§ **Data**:
====

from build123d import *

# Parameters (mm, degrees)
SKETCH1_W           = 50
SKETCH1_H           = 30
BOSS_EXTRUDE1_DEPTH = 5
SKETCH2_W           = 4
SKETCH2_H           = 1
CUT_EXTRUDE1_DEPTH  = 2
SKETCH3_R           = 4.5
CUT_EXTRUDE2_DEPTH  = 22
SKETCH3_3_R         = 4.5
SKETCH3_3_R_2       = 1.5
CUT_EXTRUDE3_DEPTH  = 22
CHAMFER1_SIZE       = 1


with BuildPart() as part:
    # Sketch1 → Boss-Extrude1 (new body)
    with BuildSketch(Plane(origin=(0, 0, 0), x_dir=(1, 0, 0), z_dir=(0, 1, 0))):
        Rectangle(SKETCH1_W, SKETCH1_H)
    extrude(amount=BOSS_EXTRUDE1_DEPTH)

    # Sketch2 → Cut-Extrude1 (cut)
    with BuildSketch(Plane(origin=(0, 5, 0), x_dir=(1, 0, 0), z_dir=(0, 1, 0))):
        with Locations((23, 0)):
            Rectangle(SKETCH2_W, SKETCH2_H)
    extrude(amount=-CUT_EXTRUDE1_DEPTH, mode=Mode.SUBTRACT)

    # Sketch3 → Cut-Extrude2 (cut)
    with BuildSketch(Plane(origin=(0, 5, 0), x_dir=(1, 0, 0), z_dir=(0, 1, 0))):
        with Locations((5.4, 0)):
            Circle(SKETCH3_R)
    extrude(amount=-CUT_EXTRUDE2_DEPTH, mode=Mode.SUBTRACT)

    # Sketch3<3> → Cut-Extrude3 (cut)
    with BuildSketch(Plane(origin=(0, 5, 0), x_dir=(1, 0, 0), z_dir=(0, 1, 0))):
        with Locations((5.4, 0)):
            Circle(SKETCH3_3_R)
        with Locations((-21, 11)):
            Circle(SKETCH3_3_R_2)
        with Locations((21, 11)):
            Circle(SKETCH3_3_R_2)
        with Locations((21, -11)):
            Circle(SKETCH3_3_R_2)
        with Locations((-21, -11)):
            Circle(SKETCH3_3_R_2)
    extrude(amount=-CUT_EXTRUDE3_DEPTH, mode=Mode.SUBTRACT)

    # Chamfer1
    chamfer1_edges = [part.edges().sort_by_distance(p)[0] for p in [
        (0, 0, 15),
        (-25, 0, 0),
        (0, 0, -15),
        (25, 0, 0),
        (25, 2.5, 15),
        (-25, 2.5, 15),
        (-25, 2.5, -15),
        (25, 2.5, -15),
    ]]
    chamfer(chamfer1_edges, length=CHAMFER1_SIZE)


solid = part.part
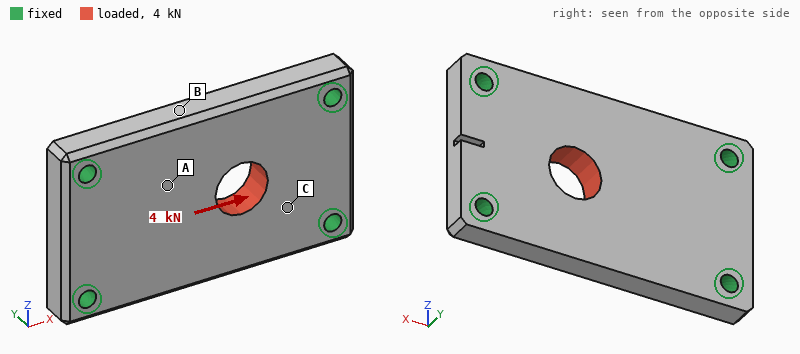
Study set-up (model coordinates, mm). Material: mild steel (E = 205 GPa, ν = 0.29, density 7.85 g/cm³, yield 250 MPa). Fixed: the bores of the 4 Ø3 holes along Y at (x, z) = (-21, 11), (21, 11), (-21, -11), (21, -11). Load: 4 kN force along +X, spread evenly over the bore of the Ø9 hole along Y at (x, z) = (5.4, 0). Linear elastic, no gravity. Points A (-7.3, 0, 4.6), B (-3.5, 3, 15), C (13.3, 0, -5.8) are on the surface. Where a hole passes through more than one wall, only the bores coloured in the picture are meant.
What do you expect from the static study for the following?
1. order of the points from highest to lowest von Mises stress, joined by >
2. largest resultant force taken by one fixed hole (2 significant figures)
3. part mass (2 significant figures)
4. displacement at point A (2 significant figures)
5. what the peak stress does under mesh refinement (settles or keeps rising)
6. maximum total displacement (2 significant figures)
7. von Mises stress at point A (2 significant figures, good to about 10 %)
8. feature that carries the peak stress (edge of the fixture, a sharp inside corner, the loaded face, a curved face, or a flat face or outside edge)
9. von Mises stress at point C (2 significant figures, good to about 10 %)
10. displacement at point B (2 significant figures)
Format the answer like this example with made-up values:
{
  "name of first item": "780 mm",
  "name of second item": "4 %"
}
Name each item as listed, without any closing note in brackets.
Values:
{
  "order of the points from highest to lowest von Mises stress, joined by >": "C > A > B",
  "largest resultant force taken by one fixed hole": "1.2 kN",
  "part mass": "55 g",
  "displacement at point A": "1.2 µm",
  "what the peak stress does under mesh refinement": "keeps rising",
  "maximum total displacement": "2.2 µm",
  "von Mises stress at point A": "16 MPa",
  "feature that carries the peak stress": "edge of the fixture",
  "von Mises stress at point C": "24 MPa",
  "displacement at point B": "0.99 µm"
}
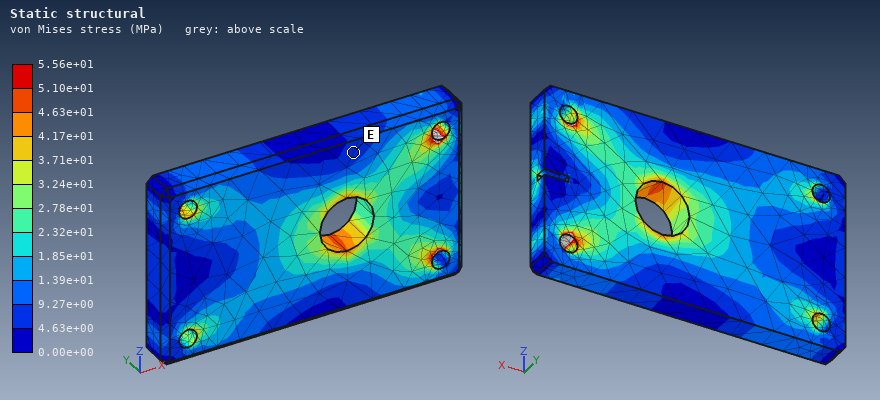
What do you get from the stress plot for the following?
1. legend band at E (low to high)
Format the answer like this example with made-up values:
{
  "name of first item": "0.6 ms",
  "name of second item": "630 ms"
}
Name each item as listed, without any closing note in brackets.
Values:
{
  "legend band at E": "4.63e+00 to 9.27e+00 MPa"
}
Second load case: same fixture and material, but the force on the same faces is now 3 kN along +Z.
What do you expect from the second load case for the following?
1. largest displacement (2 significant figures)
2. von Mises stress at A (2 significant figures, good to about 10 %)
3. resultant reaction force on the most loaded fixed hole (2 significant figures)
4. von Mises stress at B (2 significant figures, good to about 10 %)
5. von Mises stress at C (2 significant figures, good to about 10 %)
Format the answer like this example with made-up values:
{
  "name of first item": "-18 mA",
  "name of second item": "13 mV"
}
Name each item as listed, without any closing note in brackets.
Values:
{
  "largest displacement": "3.6 µm",
  "von Mises stress at A": "17 MPa",
  "resultant reaction force on the most loaded fixed hole": "1.1 kN",
  "von Mises stress at B": "13 MPa",
  "von Mises stress at C": "26 MPa"
}
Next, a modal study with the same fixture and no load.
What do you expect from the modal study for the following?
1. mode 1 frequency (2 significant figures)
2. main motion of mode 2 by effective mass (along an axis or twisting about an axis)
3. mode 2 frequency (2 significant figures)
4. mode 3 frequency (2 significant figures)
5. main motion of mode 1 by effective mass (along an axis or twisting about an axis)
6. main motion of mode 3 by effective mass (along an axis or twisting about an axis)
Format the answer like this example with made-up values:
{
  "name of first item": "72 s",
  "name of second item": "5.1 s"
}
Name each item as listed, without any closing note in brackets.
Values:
{
  "mode 1 frequency": "13 kHz",
  "main motion of mode 2 by effective mass": "twisting about X",
  "mode 2 frequency": "18 kHz",
  "mode 3 frequency": "30 kHz",
  "main motion of mode 1 by effective mass": "along Y",
  "main motion of mode 3 by effective mass": "twisting about Z"
}
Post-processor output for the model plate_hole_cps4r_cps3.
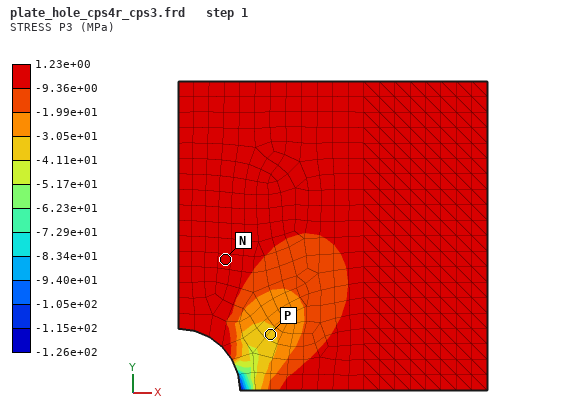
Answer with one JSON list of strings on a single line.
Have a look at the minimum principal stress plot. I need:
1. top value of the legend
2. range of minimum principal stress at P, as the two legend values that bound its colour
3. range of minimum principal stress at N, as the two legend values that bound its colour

["1.23e+00 MPa", "-4.11e+01 to -3.05e+01 MPa", "-9.36e+00 to 1.23e+00 MPa"]
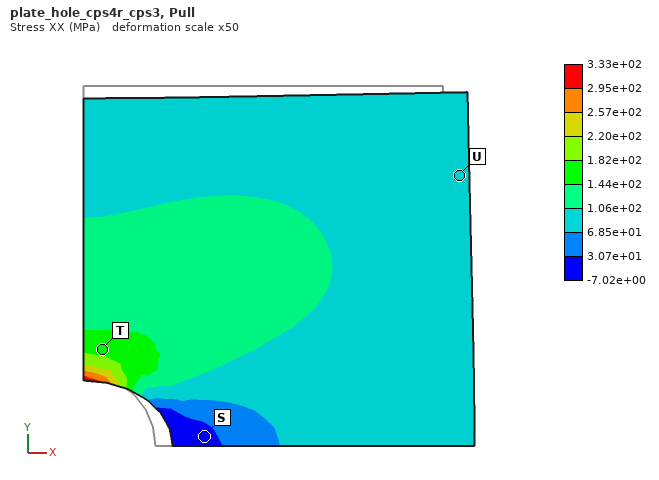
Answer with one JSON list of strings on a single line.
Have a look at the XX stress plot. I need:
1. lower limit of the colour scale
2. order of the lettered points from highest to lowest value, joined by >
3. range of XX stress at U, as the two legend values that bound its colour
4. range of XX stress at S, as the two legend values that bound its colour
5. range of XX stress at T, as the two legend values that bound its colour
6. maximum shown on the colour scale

["-7.02e+00 MPa", "T > U > S", "6.85e+01 to 1.06e+02 MPa", "-7.02e+00 to 3.07e+01 MPa", "1.44e+02 to 1.82e+02 MPa", "3.33e+02 MPa"]
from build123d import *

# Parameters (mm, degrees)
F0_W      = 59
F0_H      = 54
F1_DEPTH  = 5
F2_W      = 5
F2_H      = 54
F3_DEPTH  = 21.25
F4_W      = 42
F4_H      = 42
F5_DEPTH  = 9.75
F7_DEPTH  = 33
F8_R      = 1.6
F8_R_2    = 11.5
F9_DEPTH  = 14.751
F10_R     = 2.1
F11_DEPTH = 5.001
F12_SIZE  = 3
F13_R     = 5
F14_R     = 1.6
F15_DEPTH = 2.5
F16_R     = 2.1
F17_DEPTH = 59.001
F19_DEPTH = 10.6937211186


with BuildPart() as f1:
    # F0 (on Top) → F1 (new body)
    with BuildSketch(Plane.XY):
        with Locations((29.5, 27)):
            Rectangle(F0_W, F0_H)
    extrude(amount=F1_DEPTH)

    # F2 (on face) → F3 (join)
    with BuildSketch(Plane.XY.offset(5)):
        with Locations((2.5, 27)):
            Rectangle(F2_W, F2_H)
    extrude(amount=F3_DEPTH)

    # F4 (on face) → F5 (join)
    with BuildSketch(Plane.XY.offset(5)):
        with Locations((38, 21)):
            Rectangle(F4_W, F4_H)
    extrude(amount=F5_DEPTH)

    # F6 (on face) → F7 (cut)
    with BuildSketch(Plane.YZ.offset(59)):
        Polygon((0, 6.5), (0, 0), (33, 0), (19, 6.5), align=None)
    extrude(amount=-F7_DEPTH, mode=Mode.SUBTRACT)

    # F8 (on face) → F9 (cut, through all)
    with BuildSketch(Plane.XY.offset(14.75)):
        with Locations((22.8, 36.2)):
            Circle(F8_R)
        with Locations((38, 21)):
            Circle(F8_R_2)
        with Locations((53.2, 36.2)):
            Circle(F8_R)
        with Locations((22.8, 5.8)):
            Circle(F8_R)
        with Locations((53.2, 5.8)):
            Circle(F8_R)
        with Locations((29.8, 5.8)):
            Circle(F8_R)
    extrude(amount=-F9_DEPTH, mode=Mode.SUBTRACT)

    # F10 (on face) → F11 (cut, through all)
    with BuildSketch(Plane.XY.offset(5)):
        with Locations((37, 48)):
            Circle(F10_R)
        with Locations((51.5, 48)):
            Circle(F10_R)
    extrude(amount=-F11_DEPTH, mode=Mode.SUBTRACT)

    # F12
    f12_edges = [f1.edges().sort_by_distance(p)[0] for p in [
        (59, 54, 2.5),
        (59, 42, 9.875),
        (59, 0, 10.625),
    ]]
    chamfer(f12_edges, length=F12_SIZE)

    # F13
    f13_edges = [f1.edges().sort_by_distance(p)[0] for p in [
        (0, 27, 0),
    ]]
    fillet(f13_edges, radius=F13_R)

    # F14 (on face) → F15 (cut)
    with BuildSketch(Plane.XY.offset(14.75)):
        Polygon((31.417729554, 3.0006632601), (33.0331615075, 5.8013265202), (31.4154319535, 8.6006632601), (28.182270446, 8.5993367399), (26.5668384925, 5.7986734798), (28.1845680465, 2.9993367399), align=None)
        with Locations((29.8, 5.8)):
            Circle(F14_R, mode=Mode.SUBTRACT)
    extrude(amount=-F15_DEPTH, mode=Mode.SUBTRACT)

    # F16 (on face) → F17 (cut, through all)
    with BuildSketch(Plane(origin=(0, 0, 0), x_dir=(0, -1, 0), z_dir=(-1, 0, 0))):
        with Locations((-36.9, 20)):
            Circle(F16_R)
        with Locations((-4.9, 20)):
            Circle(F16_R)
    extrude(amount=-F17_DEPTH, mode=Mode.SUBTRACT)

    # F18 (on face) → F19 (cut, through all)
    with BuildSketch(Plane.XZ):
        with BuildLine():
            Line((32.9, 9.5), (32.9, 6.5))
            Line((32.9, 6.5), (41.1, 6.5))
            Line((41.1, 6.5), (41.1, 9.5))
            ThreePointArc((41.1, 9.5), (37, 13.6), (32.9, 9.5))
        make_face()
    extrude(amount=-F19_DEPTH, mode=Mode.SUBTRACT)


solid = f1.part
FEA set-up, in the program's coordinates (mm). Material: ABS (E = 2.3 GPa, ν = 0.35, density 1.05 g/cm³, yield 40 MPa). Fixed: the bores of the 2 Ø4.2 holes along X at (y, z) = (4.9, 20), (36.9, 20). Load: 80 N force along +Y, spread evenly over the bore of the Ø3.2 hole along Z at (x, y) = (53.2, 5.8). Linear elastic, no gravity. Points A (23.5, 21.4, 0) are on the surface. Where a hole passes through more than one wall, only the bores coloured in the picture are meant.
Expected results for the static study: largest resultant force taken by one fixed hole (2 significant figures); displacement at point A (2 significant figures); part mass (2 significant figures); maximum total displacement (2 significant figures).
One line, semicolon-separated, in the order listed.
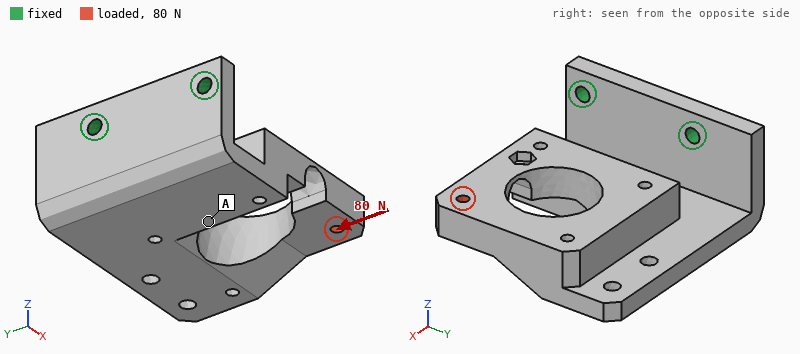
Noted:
120 N; 0.27 mm; 29 g; 0.96 mm
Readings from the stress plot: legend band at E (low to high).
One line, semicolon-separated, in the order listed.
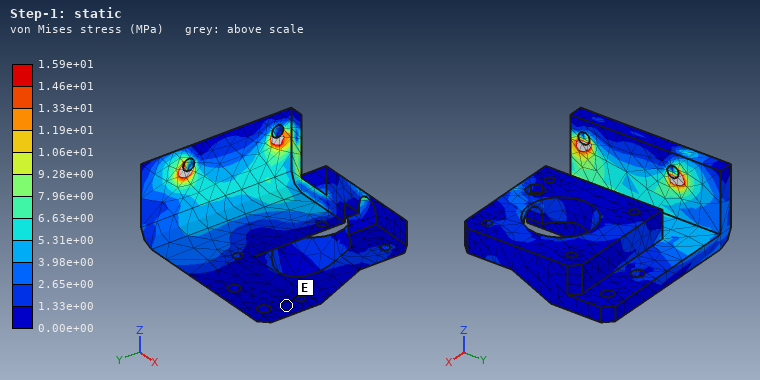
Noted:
0.00e+00 to 1.33e+00 MPa
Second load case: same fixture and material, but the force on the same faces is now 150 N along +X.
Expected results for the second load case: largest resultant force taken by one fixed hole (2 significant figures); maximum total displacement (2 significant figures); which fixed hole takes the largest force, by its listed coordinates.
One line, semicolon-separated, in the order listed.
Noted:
140 N; 0.84 mm; (4.9, 20)
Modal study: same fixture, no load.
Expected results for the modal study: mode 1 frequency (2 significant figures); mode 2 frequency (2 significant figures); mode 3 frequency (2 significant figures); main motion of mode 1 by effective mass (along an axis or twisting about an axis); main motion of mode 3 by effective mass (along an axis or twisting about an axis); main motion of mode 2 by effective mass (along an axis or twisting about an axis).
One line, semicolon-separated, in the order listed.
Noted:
210 Hz; 480 Hz; 970 Hz; along Z; along X; along Y
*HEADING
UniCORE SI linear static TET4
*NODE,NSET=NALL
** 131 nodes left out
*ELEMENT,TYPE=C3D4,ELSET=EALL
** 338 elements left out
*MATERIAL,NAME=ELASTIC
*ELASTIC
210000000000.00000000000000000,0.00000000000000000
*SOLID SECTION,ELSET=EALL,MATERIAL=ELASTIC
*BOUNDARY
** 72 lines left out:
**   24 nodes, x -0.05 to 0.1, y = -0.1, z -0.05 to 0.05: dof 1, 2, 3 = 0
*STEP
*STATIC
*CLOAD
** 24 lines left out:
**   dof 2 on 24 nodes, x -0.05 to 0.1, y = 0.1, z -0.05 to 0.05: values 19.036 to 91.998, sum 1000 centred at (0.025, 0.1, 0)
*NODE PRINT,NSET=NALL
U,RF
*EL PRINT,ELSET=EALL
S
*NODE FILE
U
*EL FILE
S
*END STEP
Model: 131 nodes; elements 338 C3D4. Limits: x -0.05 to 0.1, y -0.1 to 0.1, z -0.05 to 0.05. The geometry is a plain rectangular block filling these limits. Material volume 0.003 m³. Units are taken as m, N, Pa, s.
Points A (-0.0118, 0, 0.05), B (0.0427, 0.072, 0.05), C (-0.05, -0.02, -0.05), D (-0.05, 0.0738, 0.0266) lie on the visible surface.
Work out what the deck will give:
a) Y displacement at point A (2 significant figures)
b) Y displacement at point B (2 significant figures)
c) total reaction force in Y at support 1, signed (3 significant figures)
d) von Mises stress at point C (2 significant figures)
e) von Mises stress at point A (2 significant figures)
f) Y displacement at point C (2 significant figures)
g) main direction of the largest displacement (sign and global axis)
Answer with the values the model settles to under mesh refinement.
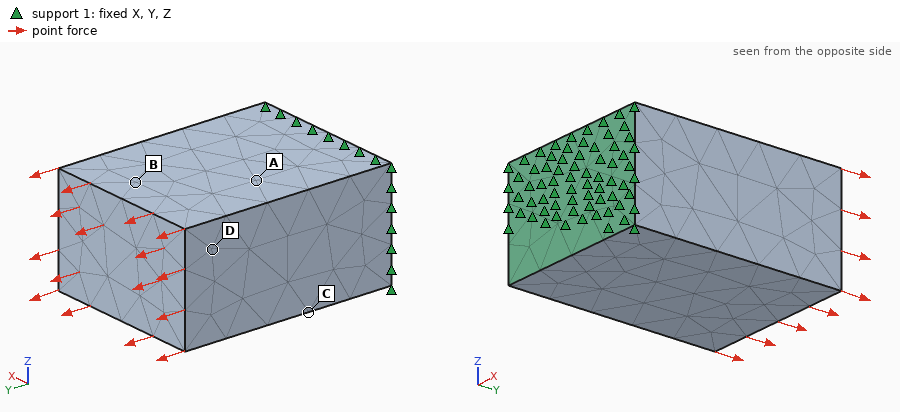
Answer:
3.2e-08 m
5.5e-08 m
-1000 N
67000 Pa
66000 Pa
2.5e-08 m
+Y
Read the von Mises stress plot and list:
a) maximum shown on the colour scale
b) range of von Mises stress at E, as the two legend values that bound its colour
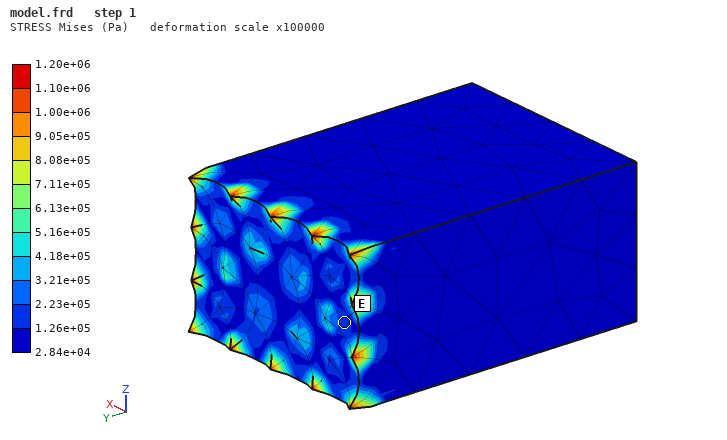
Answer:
1.20e+06 Pa
1.26e+05 to 2.23e+05 Pa
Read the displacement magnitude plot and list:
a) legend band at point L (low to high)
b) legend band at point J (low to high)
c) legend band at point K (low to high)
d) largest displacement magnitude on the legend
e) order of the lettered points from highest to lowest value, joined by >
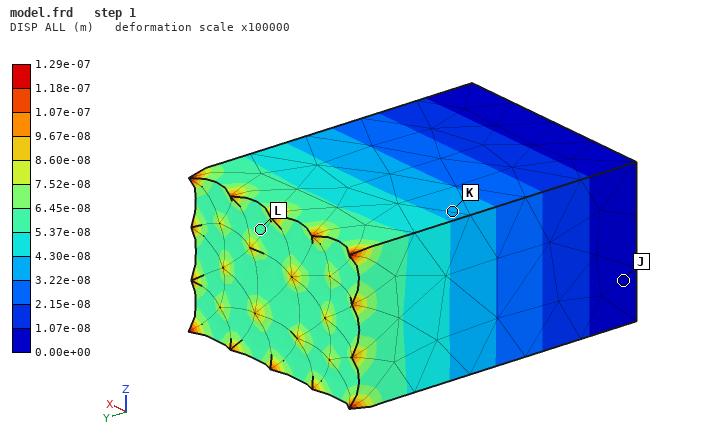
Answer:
5.37e-08 to 6.45e-08 m
0.00e+00 to 1.07e-08 m
3.22e-08 to 4.30e-08 m
1.29e-07 m
L > K > J
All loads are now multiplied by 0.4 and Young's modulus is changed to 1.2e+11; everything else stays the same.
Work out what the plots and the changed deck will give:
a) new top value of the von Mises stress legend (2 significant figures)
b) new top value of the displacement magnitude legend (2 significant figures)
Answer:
4.8e+05 Pa
9.0e-08 m
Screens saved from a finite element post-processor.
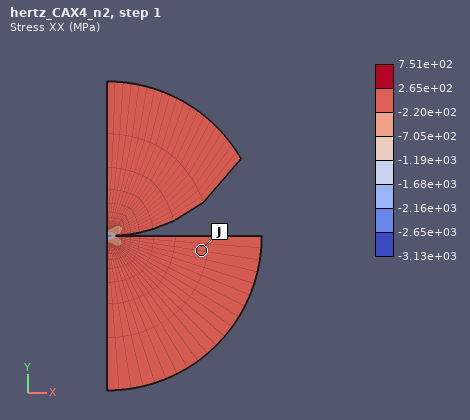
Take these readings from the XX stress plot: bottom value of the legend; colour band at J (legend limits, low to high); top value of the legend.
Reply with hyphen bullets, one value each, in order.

====

§ **Problem**:
Search the entries for the word "over" and pick out every line that holds it.

§ **The completed task**:
Study set-up (model coordinates, mm). Material: mild steel (E = 205 GPa, ν = 0.29, density 7.85 g/cm³, yield 250 MPa). Fixed: the bores of the 4 Ø3 holes along Y at (x, z) = (-21, 11), (21, 11), (-21, -11), (21, -11). Load: 4 kN force along +X, spread evenly over the bore of the Ø9 hole along Y at (x, z) = (5.4, 0). Linear elastic, no gravity. Points A (-7.3, 0, 4.6), B (-3.5, 3, 15), C (13.3, 0, -5.8) are on the surface. Where a hole passes through more than one wall, only the bores coloured in the picture are meant.
FEA set-up, in the program's coordinates (mm). Material: ABS (E = 2.3 GPa, ν = 0.35, density 1.05 g/cm³, yield 40 MPa). Fixed: the bores of the 2 Ø4.2 holes along X at (y, z) = (4.9, 20), (36.9, 20). Load: 80 N force along +Y, spread evenly over the bore of the Ø3.2 hole along Z at (x, y) = (53.2, 5.8). Linear elastic, no gravity. Points A (23.5, 21.4, 0) are on the surface. Where a hole passes through more than one wall, only the bores coloured in the picture are meant.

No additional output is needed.